## YOUR TASK
Below are some entries. Repeat exactly the lines from the one with "Look at the image and answer." through the one with "Subject: The leftmost", and only those.

## DATA SUPPLIED
◆ ◆ ◆ ◆
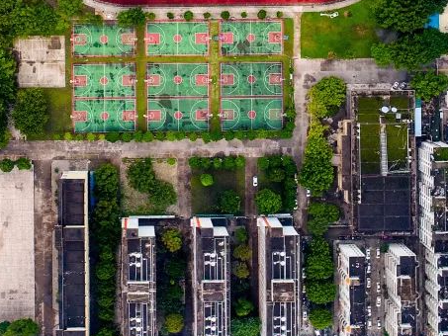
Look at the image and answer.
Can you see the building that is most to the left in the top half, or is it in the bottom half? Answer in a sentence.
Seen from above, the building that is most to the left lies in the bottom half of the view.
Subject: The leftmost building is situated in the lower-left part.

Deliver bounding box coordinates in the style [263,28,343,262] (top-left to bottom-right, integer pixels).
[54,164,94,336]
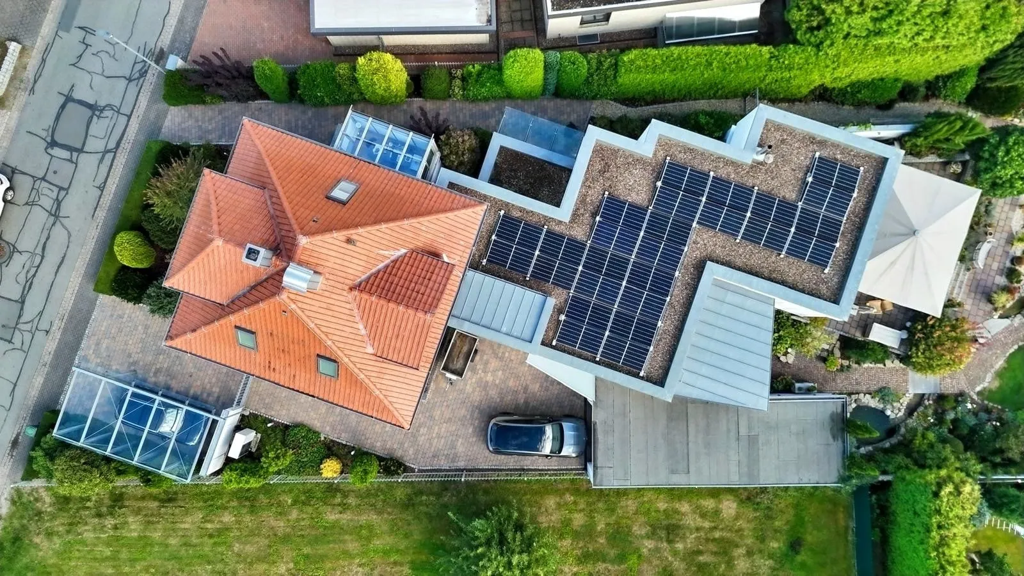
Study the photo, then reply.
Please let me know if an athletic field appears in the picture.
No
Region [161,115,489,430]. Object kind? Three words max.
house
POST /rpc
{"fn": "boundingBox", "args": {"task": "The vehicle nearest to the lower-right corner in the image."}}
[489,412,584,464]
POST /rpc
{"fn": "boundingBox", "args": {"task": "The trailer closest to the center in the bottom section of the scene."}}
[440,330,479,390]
◆ ◆ ◆ ◆
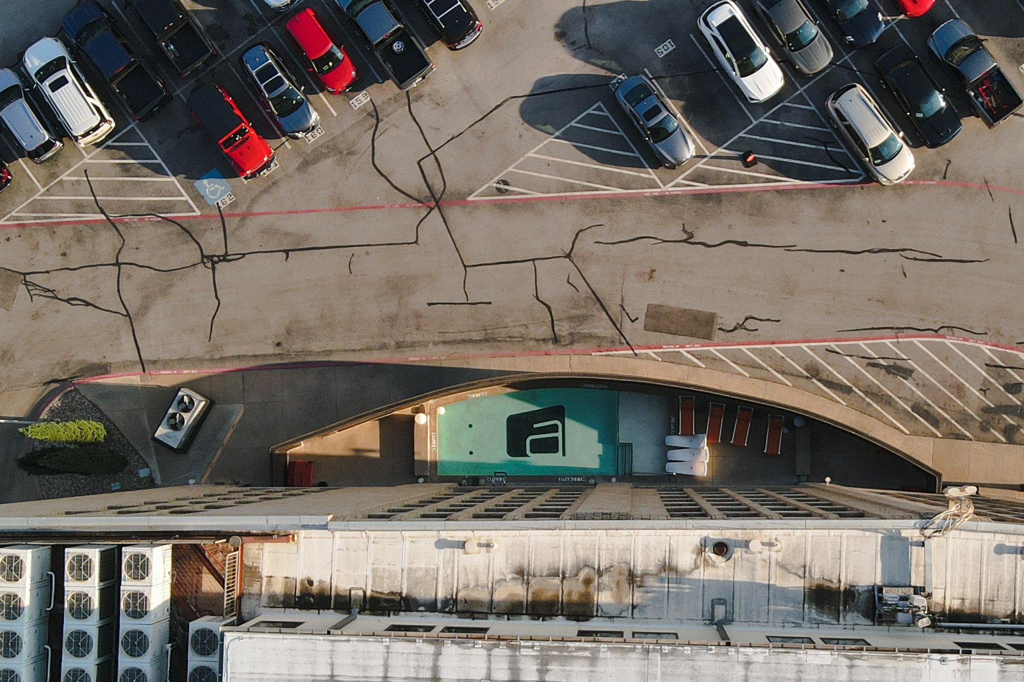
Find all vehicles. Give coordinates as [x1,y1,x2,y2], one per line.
◆ ◆ ◆ ◆
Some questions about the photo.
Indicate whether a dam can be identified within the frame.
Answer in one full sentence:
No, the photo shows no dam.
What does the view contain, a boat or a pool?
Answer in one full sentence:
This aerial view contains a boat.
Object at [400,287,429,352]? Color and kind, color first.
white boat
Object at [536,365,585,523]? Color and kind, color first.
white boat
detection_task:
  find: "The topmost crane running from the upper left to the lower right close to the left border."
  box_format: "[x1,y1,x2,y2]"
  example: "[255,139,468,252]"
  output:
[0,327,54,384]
◆ ◆ ◆ ◆
## WRITTEN ANSWER
Look at the image and answer.
Can you see the building that is most to the left in the top half, or is it in the bottom half? Answer in a sentence.
Seen from above, the building that is most to the left lies in the bottom half of the view.
Subject: The leftmost building is situated in the lower-left part.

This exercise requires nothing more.